<<<<

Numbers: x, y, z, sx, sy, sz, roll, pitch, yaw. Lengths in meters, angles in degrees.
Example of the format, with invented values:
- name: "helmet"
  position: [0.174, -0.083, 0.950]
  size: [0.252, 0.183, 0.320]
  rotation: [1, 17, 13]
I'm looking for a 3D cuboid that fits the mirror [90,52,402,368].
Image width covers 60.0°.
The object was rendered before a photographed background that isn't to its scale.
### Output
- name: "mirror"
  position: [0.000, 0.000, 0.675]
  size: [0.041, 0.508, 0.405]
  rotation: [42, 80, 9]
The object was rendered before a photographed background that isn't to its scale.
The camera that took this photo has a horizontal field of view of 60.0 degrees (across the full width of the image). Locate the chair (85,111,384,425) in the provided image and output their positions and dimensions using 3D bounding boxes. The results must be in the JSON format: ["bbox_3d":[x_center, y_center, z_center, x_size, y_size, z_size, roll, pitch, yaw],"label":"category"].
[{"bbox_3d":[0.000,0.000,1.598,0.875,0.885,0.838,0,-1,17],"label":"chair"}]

>>>>
<<<<

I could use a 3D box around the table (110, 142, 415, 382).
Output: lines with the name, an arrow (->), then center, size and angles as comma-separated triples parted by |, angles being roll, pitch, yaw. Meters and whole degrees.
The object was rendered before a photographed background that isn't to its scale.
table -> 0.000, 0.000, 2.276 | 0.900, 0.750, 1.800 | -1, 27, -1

>>>>

### Exercise goal
Look through the records and give only the number of lines where the string "with" appears.

### Answer to this task
2